Okay, but why do you care about recipes? What recipes do is they give flexibility and customization to Driverless AI. We’ve built Driverless AI to be very robust across many different use cases but again, your domain expertise is really important in your data. Now you can add that in to recipes and to Driverless and we can test your transformations on your domain knowledge along with our generic algorithms.
We also have over, I think at this point, 115 recipes that we’ve built and we’ve open-sourced those on our public repo and we’ll look at that today. Many of these were curated by our Kaggle Grand Masters or Arno so that you have the best of the best as examples for how to write yours, but also the add into your experience. If you really want to use, say, Arema or Facebook Profit for your time series experiments we have open-sourced those and you can add them into Driverless AI. All right.
Then recipes are really easy to use and we’ll be talking about this today. We’ll all build an experiment today where we’ll add in some custom recipes and see how they’re used inside of our experiment. We do treat these as first-class citizens. So recipes you add in will be used just the way that recipes are used out of the box in Driverless, so they’re not treated any differently and they’ll go through the same competition that the recipes that come with Driverless do.
At this point we’re going to actually get started with our tutorial. I’m going to have … I’ll be walking you through the tutorial today but if you ever want to come back and do it again it’s going to be on our public tutorial page and the one we’ll be walking through today is Get Started with Open Source Custom Recipes. If you want to have this tab open to follow along on your own browser today you can. If not, I will just walk you through the experiments. All right.

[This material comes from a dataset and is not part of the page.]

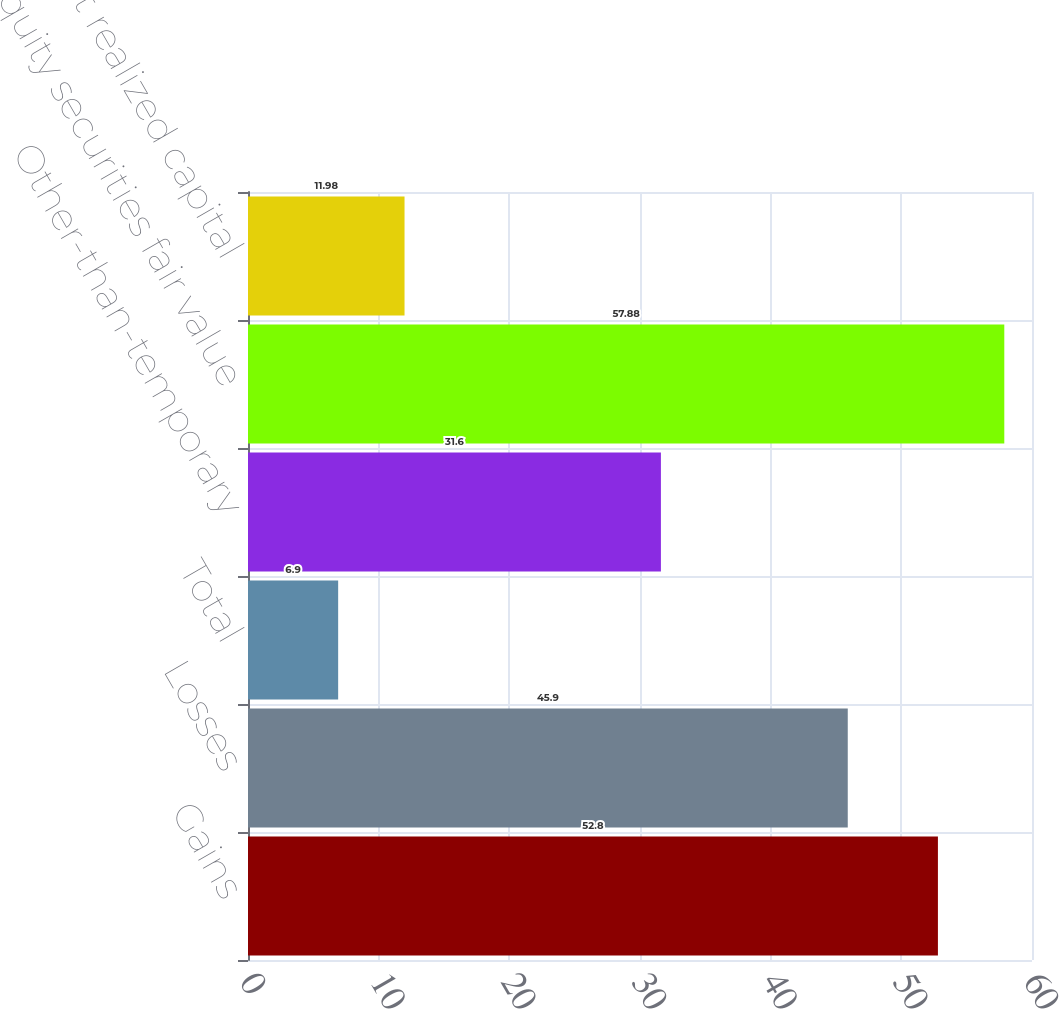<chart> <loc_0><loc_0><loc_500><loc_500><bar_chart><fcel>Gains<fcel>Losses<fcel>Total<fcel>Other-than-temporary<fcel>Equity securities fair value<fcel>Total net realized capital<nl><fcel>52.8<fcel>45.9<fcel>6.9<fcel>31.6<fcel>57.88<fcel>11.98<nl></chart>

We’re going to jump back to Aquarium. At this point I’m going to have everyone go to Aquarium and we’re going to click on that David’s Driverless AI, view details, and we will start our lab. I’ll give you just a couple minutes. If you have any problems with this please raise your hand. We have lots of people around the room that can help you get going. Then once you hit start lab there will be a link at the bottom and this is the link that you’re going to click and it will take you to your Driverless AI instance. We’ll give just a couple minutes for everyone to get to this page, which is going to load slow for me because live demo. There we go. This will be the page you see. When we all get here we’ll get started.
Pardon? Yeah. Here’s the link.
Arno:
You can also find it from the H2O AI website under docs and then tutorials.
Speaker 3:
Arno, can you change the color scheme of Driverless AI?
Arno:
The question was, can you change the font or color scheme of Driverless AI? Yes, you can. You can invert it if you want the black on white instead of white on black or something, it actually works too, but there is not really a full pallette where you can choose arbitrary skins.
Speaker 3:
Font?
Arno:
Not really. So you would have to … you can talk to our designers but, yes. The original design was very futuristic two years ago and now we kind of live with it. I’m sure we can make a custom version of the skin. It’s only a few settings, the colors are set and the font. Okay.
Michelle:
All right. Please raise your hand if you have reached this page. I have. Then opposite, if you have not reached this page. We did it. Good job guys.

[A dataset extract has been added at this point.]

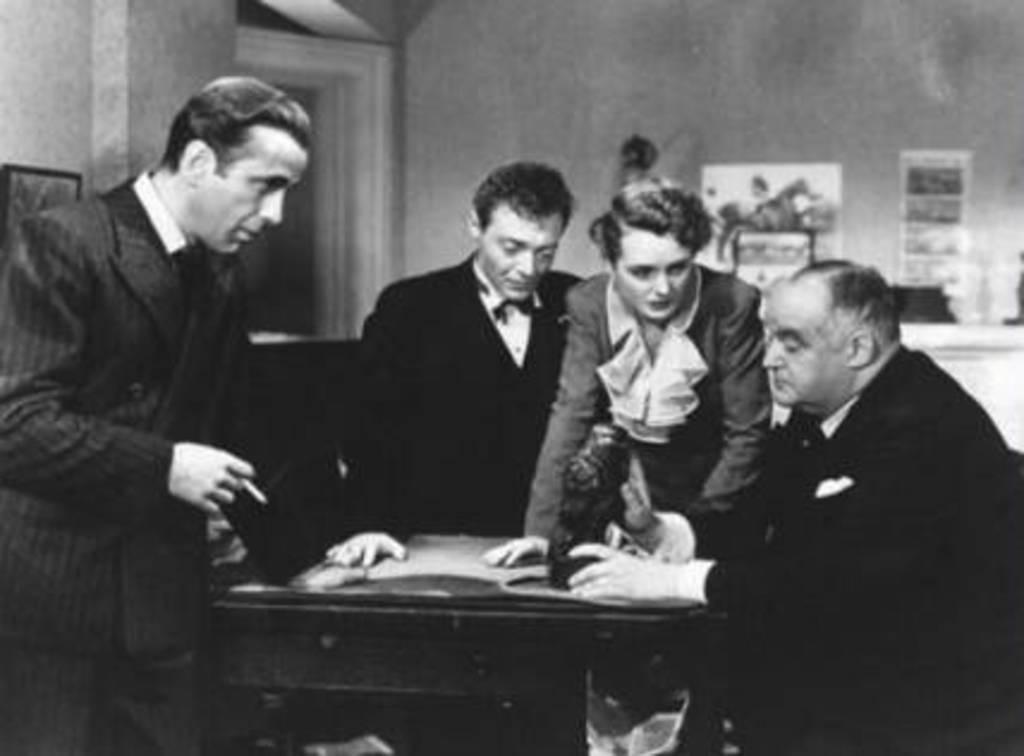How many people are present in the image? There are four people in the image. What are the positions of the people in the image? Some of the people are standing, while one is sitting. What is located between the people in the image? There is a table in between the people. What can be found on the table in the image? There is an item on the table. How many grapes are on the table in the image? There is no mention of grapes in the image, so we cannot determine their presence or quantity.

To log in the user name and password is going to be training. I will zoom in so that’s actually viewable. I’ll go ahead and sign in. All right.
In this instance we have many preloaded data sets. Question? Can I have a friend in the front? Thank you. Okay. All right.
On this instance we have many preloaded data sets and many pre-ran experiments but we’re going to actually load in a new data set together. I’m going to have everyone click on the add data set button and we’re going to click on file system. All right. There’s lots of options when you click file system. There we go. You should see this and then we’re all going to click on data and it’s going to load super slowly because you’re all watching my screen. Okay. I’m going to … there we go. Got it. We’re going to click on data. We’re going to click on splunk and we’re going to choose churn.
Once you’ve selected churn you can go ahead and click import selection and that will load in the data set and it will also do some summary statistics so we can understand what’s in the data set. That’s data, splunk, churn. All right.
The first thing, many of us probably did this earlier in the hands-on training but we’re going to really quickly look at the data set so we know what we’re modeling today because that’s pretty important. You’re going to click on the churn data set and we’re going to click on details. All right. I like to start with the data set rows. It’s kind of readable up here.
What we’re looking at here is each row is a person who is a customer of a Telco. We have information about how often they speak during the day, how often they’re charged in the morning or the evening. If they do any international calling. How often they’ve called customer service because they had some sort of problem. Then what we’re going to be predicting, the column on the very end, is churn. Some of these people have left the company and some have not.
I’m going to click back on data set overview and here we can see every column in our data set, so I’m going to search for my churn column and here I can see that it’s a little bit of an imbalanced data set. 14% of my customers have churned. What we’re going to do today is build some models to see if we can understand which customers are going to churn and which ones won’t so that in the future as new customers come in or each month we can see whose likely to leave us. All right.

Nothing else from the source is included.